Unnamed: 0,NAME,Day 1,Day 2,Day 3,Day 4,Day 5,Day 6,Day 7,Day 8,Day 9,Day 10
0,Jeffrey,0,1,1,0,0,0,1,1,0,1
1,Michelle,0,1,0,0,1,0,0,0,0,1
2,Carl,1,1,0,1,0,1,1,0,1,1
3,Chris,1,0,1,0,0,0,0,1,1,0
4,Kris,0,0,1,1,0,1,0,0,0,1
5,David,1,1,1,0,1,1,1,1,1,1
6,Hank,1,0,0,1,0,1,0,0,0,0
7,Gregory,1,1,0,1,1,0,1,0,1,1
8,Anna,0,0,1,0,0,1,0,1,1,1
9,Jordan,1,0,0,1,0,1,1,1,1,0


Now we might be wondering, "Great we can read a csv and make a DataFrame, but what can I do with this DataFrame?" 

Well, typically you will want to take this new information and turn it into some data type we can more easily work with, like a dictionary.

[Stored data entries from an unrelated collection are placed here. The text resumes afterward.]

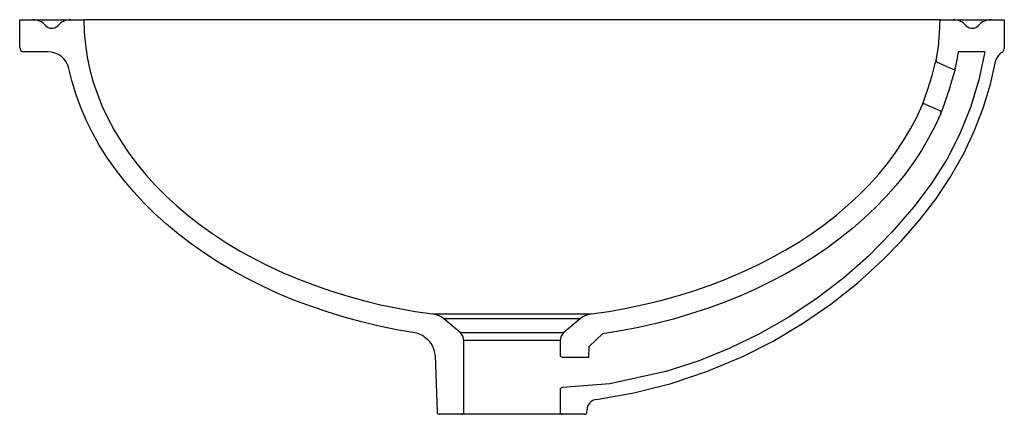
# Model space of a CAD drawing. Header units: millimetres. Extents: x 0 to 0.46, y 0 to 0.185.
import ezdxf

# ---------------------------------------------------------------- set-up
doc = ezdxf.new("R2010")
doc.units = ezdxf.units.MM
doc.header["$LTSCALE"] = 0.1
doc.layers.add('BLOCKS', color=3, linetype='Continuous')

msp = doc.modelspace()

# ---------------------------------------------------------------- linework, layer by layer
at = {"layer": 'BLOCKS', "linetype": 'Continuous'}
for p, q in [((0, 0.1715000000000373), (0, 0.1845000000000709)), ((0, 0.1845000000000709), (0.006055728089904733, 0.1845000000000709)), ((0.006055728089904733, 0.1845000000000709), (0.02394427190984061, 0.1845000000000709)), ((0.02394427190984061, 0.1845000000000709), (0.03000000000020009, 0.1845000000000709)), ((0.4299999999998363, 0.1845000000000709), (0.03000000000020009, 0.1845000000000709)), ((0.4299999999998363, 0.1845000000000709), (0.4360557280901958, 0.1845000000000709)), ((0.4360557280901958, 0.1845000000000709), (0.4539442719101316, 0.1845000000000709)), ((0.4539442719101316, 0.1845000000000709), (0.4600000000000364, 0.1845000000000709)), ((0.4600000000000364, 0.1845000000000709), (0.4600000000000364, 0.1709198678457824)), ((0.01318952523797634, 0.1695000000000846), (0.001999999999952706, 0.1695000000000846)), ((0.4508287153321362, 0.1695000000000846), (0.4384390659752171, 0.1695000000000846)), ((0.4357314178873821, 0.1612886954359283), (0.4287276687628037, 0.1644193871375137)), ((0.4230108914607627, 0.145067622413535), (0.4298497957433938, 0.1420106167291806)), ((0.1929636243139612, 0.04692140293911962), (0.2670363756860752, 0.04692140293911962)), ((0.2619162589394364, 0.04466772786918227), (0.1980837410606, 0.04466772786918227)), ((0.2057139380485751, 0.03826523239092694), (0.1980837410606, 0.04466772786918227)), ((0.2619162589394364, 0.04466772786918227), (0.2542860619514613, 0.03826523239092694)), ((0.2057139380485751, 0.03826523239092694), (0.2542860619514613, 0.03826523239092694)), ((0.2723555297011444, 0.03759789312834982), (0.2661054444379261, 0.03176959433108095)), ((0.1908651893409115, 0.0345945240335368), (0.1899001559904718, 0.03549443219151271)), ((0.2074999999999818, 0.00100000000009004), (0.2074999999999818, 0.03443501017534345)), ((0.2525000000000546, 0.03443501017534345), (0.2074999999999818, 0.03443501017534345)), ((0.2525000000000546, 0.03443501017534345), (0.2525000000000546, 0.02776654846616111)), ((0.194039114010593, 0.02762998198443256), (0.1949702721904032, 0.0009651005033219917)), ((0.2659307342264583, 0.02676654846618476), (0.2661054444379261, 0.03176959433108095)), ((0.2534999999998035, 0.02676654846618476), (0.2659307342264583, 0.02676654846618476)), ((0.2525000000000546, 0.01153485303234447), (0.2525000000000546, 0.00100000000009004)), ((0.2065000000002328, 0), (0.1959696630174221, 0)), ((0.2534999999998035, 0), (0.2065000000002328, 0)), ((0.2640303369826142, 0), (0.2534999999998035, 0)), ((0.2650297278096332, 0.0009651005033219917), (0.2650733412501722, 0.002214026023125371))]:
    msp.add_line(p, q, dxfattribs=at)
at = {"layer": 'BLOCKS', "linetype": 'Continuous', "flags": 128}
for points in [[(0.03000000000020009, 0.1845000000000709), (0.03017600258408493, 0.1786279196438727), (0.03070370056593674, 0.1727661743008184), (0.03158216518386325, 0.1669250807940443), (0.03280985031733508, 0.1611149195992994), (0.03438459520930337, 0.1553459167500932), (0.03630362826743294, 0.1496282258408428), (0.03856357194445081, 0.1439719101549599), (0.04116044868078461, 0.1383869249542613), (0.04408968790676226, 0.1328830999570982), (0.04734613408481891, 0.1274701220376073), (0.05092405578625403, 0.1221575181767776), (0.05481715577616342, 0.1169546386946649), (0.05901858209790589, 0.1118706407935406), (0.06352094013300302, 0.1069144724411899), (0.06831630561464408, 0.1020948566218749), (0.07339623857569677, 0.09742027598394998), (0.07875179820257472, 0.09289895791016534), (0.08437355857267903, 0.08853886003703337), (0.09025162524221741, 0.08434765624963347), (0.09637565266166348, 0.08033272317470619), (0.1027348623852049, 0.07650112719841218), (0.1093180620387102, 0.07285961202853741), (0.1161136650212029, 0.0694145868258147), (0.1231097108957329, 0.06617211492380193), (0.1302938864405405, 0.06313790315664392), (0.137653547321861, 0.06031729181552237), (0.1451757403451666, 0.05771524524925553), (0.1528472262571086, 0.05533634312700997), (0.1606545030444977, 0.05318477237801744), (0.1685838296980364, 0.05126431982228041), (0.1766212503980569, 0.04957836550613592), (0.1847526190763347, 0.04812987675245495), (0.1929636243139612, 0.04692140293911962)], [(0.4281543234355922, 0.1655241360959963), (0.4291789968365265, 0.1718277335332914), (0.4297946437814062, 0.178157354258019), (0.430000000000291, 0.1845000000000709)], [(0.458863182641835, 0.1691157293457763), (0.458863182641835, 0.1691157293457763), (0.4591727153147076, 0.1693618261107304), (0.4595043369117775, 0.1696646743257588), (0.4598496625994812, 0.1702239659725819), (0.4599962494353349, 0.1708884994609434), (0.4599921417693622, 0.1709187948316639)], [(0.4508287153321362, 0.1695000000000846), (0.4481266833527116, 0.1563198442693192), (0.444251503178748, 0.1434824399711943), (0.4392329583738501, 0.1310656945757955), (0.4331037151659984, 0.1191462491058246), (0.425889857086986, 0.1078036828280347), (0.417771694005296, 0.09707054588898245), (0.4074827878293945, 0.0851425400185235), (0.396476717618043, 0.07401258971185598), (0.3848027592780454, 0.06370391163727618), (0.3725085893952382, 0.05423974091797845), (0.3593737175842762, 0.04547742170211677), (0.3456937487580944, 0.03764364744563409), (0.3315196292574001, 0.0307627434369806), (0.3169023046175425, 0.02485903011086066), (0.3018927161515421, 0.01995687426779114), (0.2757623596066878, 0.01424846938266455), (0.2535000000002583, 0.01253485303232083)], [(0.4384390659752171, 0.1695000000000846), (0.4378445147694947, 0.1657411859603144), (0.4371177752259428, 0.1619943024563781)], [(0.1846482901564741, 0.03805718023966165), (0.1762309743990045, 0.03952502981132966), (0.167905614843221, 0.04124081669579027), (0.1596864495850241, 0.04320160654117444), (0.1515875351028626, 0.04540404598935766), (0.1436227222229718, 0.04784436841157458), (0.1358056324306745, 0.05051840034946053), (0.1281496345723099, 0.0534215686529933), (0.1206678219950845, 0.05654890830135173), (0.113372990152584, 0.05989507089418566), (0.1062776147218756, 0.06345433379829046), (0.09939383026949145, 0.06722060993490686), (0.09273340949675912, 0.07118745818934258), (0.08630774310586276, 0.07534809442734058), (0.08012782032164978, 0.07969540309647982), (0.07420421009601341, 0.08422194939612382), (0.06854704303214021, 0.08891999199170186), (0.06316599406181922, 0.09378149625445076), (0.0580702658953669, 0.09879814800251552), (0.05326857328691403, 0.1039613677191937), (0.04876912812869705, 0.109262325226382), (0.04457962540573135, 0.114691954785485), (0.04070723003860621, 0.1202409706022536), (0.03715856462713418, 0.1258998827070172), (0.03393969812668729, 0.1316590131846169), (0.03105613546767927, 0.137508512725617), (0.02851280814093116, 0.1434383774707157), (0.02631406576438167, 0.1494384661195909), (0.02446366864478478, 0.1554985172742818), (0.02296478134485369, 0.1616081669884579)], [(0.2694027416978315, 0.006994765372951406), (0.286984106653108, 0.0100500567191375), (0.304335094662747, 0.01443204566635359), (0.3213105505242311, 0.02009741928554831), (0.3377653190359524, 0.02700286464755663), (0.3519961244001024, 0.03422539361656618), (0.3657539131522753, 0.04241975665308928), (0.3789490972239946, 0.05152477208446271), (0.3914920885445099, 0.06147925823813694), (0.4032932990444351, 0.07222203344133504), (0.4120233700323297, 0.08118092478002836), (0.4202779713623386, 0.09063634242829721), (0.4279410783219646, 0.1005766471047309), (0.4348966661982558, 0.1109901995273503), (0.4410287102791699, 0.1218653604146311), (0.4459338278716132, 0.1323519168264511), (0.4501015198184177, 0.1431835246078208), (0.4535038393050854, 0.1542793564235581), (0.4561128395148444, 0.1655585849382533)], [(0.4216825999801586, 0.1445461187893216), (0.4217791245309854, 0.1448114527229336), (0.4222568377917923, 0.1461400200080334), (0.423064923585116, 0.1484492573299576), (0.4240863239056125, 0.1514916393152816), (0.4251851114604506, 0.1549425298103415), (0.4262307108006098, 0.1584301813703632), (0.4271128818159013, 0.1615590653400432), (0.4277497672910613, 0.1639446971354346), (0.4280942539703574, 0.1652862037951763), (0.4281543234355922, 0.1655241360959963)], [(0.4371177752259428, 0.1619943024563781), (0.437094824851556, 0.1619081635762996), (0.4368158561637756, 0.1608717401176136), (0.4362346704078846, 0.1587718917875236), (0.4353829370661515, 0.1558244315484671), (0.434325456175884, 0.1523505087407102), (0.4331718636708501, 0.1487599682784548), (0.4320645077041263, 0.1454800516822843), (0.4311504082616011, 0.1428797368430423), (0.4305550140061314, 0.1412329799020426), (0.4303833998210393, 0.1407647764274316), (0.4303615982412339, 0.1407054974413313)], [(0.2670363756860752, 0.04692140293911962), (0.2752794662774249, 0.0481350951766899), (0.2834422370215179, 0.04959068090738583), (0.2915102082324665, 0.05128557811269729), (0.2994690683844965, 0.05321678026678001), (0.307304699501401, 0.05538086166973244), (0.3150032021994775, 0.05777398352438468), (0.3225509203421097, 0.06039190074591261), (0.3299344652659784, 0.06322996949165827), (0.3371407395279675, 0.06628315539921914), (0.3441569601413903, 0.0695460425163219), (0.3509706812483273, 0.07301284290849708), (0.3575698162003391, 0.07667740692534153), (0.3639426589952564, 0.08053323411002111), (0.370077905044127, 0.08457348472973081), (0.3759646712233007, 0.08879099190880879), (0.381592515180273, 0.093178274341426), (0.3869514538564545, 0.09772754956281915), (0.3920319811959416, 0.102430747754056), (0.396825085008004, 0.1072795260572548), (0.4013222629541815, 0.1122652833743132), (0.4055155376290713, 0.1173791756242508), (0.4093974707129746, 0.1226121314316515), (0.4129611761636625, 0.1279548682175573), (0.4162003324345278, 0.1333979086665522), (0.4191091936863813, 0.1389315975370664), (0.4216825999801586, 0.1445461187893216)], [(0.4303615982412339, 0.1407054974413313), (0.427673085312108, 0.1348350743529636), (0.4246492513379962, 0.1290488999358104), (0.4212952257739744, 0.1233567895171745), (0.4176166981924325, 0.1177683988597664), (0.4136199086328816, 0.1122932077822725), (0.4093116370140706, 0.1069405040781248), (0.4046991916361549, 0.1017193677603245), (0.3997903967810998, 0.09663865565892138), (0.3945935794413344, 0.09170698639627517), (0.3891175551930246, 0.08693272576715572), (0.3833716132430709, 0.08232397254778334), (0.3773655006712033, 0.07788854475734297), (0.3711094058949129, 0.07363396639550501), (0.3646139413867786, 0.06956745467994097), (0.3578901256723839, 0.0656959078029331), (0.3509493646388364, 0.06202589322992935), (0.3438034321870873, 0.0585636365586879), (0.3364644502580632, 0.05531501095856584), (0.3289448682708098, 0.05228552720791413), (0.3212574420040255, 0.04948032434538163), (0.3134152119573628, 0.04690416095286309), (0.3054314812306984, 0.04456140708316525), (0.2973197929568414, 0.04245603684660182), (0.289093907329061, 0.04059162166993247), (0.2807677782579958, 0.03897132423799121), (0.2723555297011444, 0.03759789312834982)]]:
    msp.add_lwpolyline(points, dxfattribs=at)
at = {"layer": 'BLOCKS', "linetype": 'Continuous'}
for centre, radius, start, end in [((0.006055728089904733, 0.1765000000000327), 0.008000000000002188, 41.81031489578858, 90), ((0.02394427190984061, 0.1765000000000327), 0.008000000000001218, 90, 138.1896851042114), ((0.4360557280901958, 0.1765000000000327), 0.008000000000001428, 41.81031489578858, 90), ((0.4539442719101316, 0.1765000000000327), 0.008000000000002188, 90, 138.1896851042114), ((0.01499999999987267, 0.1845000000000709), 0.003999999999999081, 221.8103148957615, 318.1896851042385), ((0.4450000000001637, 0.1845000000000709), 0.003999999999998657, 221.8103148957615, 318.1896851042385), ((0.001999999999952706, 0.1715000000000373), 0.002000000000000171, 180, 270), ((0.01318952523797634, 0.1595000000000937), 0.01, 12.17021716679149, 90), ((0.4610211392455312, 0.1646053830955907), 0.004999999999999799, 115.5685918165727, 169.0098422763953), ((0.4291357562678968, 0.1653323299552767), 0.001000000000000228, 168.94179269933, 245.9152486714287), ((0.4361395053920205, 0.1622016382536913), 0.0009999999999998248, 245.9152486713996, 348.0337313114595), ((0.4226028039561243, 0.144154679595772), 0.001000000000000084, 65.9152486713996, 156.9559200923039), ((0.4294417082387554, 0.1410976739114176), 0.001000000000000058, 336.9100063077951, 65.9152486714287), ((0.1916558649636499, 0.03700728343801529), 0.009999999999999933, 50.0000000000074, 82.48556707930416), ((0.2683441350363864, 0.03700728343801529), 0.009999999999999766, 97.51443292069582, 129.9999999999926), ((0.183080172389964, 0.02818089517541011), 0.01000000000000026, 46.99999999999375, 80.97811149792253), ((0.2024999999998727, 0.03443501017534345), 0.005000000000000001, 0, 50.0000000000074), ((0.2575000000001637, 0.03443501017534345), 0.005000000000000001, 129.9999999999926, 180), ((0.1840452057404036, 0.0272809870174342), 0.01000000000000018, 2.000000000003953, 46.99999999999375), ((0.2534999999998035, 0.02776654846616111), 0.0009999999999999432, 180, 270), ((0.2534999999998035, 0.01153485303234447), 0.0009999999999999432, 90, 180), ((0.2700702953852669, 0.00203952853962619), 0.005000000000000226, 97.67251186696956, 177.999999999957), ((0.1959696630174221, 0.00100000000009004), 0.001000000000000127, 181.999999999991, 270), ((0.2065000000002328, 0.00100000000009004), 0.001000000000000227, 270, 0), ((0.2534999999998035, 0.00100000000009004), 0.0009999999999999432, 180, 270), ((0.2640303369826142, 0.00100000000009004), 0.0009999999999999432, 270, 357.9999999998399)]:
    msp.add_arc(centre, radius, start, end, dxfattribs=at)

doc.saveas('drawing.dxf')

To do this, we can use the `to_dict()` method provided by Pandas, which uses the information in our DataFrame to create a dictionary.

In [22]:
attendance_dict = csv.to_dict()
print(attendance_dict)

{'NAME': {0: 'Jeffrey', 1: 'Michelle', 2: 'Carl', 3: 'Chris', 4: 'Kris', 5: 'David', 6: 'Hank', 7: 'Gregory', 8: 'Anna', 9: 'Jordan', 10: 'Kayla', 11: 'Tucker', 12: 'Pattie', 13: 'Morgan', 14: 'Max', 15: 'Rick', 16: 'Stephanie'}, 'Day 1': {0: 0, 1: 0, 2: 1, 3: 1, 4: 0, 5: 1, 6: 1, 7: 1, 8: 0, 9: 1, 10: 0, 11: 1, 12: 1, 13: 1, 14: 0, 15: 1, 16: 0}, 'Day 2': {0: 1, 1: 1, 2: 1, 3: 0, 4: 0, 5: 1, 6: 0, 7: 1, 8: 0, 9: 0, 10: 1, 11: 0, 12: 0, 13: 1, 14: 0, 15: 1, 16: 0}, 'Day 3': {0: 1, 1: 0, 2: 0, 3: 1, 4: 1, 5: 1, 6: 0, 7: 0, 8: 1, 9: 0, 10: 1, 11: 0, 12: 1, 13: 1, 14: 0, 15: 0, 16: 0}, 'Day 4': {0: 0, 1: 0, 2: 1, 3: 0, 4: 1, 5: 0, 6: 1, 7: 1, 8: 0, 9: 1, 10: 0, 11: 0, 12: 0, 13: 1, 14: 0, 15: 0, 16: 1}, 'Day 5': {0: 0, 1: 1, 2: 0, 3: 0, 4: 0, 5: 1, 6: 0, 7: 1, 8: 0, 9: 0, 10: 1, 11: 1, 12: 1, 13: 1, 14: 1, 15: 0, 16: 1}, 'Day 6': {0: 0, 1: 0, 2: 1, 3: 0, 4: 1, 5: 1, 6: 1, 7: 0, 8: 1, 9: 1, 10: 1, 11: 0, 12: 1, 13: 1, 14: 1, 15: 0, 16: 1}, 'Day 7': {0: 1, 1: 0, 2: 1, 3: 0, 4: 0, 5: 1, 6: 0

> **Note:** A 0 stands for 'absent' and a 1 stands for 'present' in the attendance data above.

Now that we have our data in a format that we know how to work with more easily, we can begin to use this information more easily in our programs

We can analyze the the attendance data to see things like *which day had the most absences?*, *is there a pattern to any spikes in absences or lack of absences?*, etc.

## Summary

In this lesson, we introduced pandas and DataFrames. We looked at common applications for using DataFrames as well as practiced using Pandas ino rder to extract data from a CSV file to use it in our program in Python. We will continue to grow our Pandas skills as we continue learning more about Data Science and working with data in Python.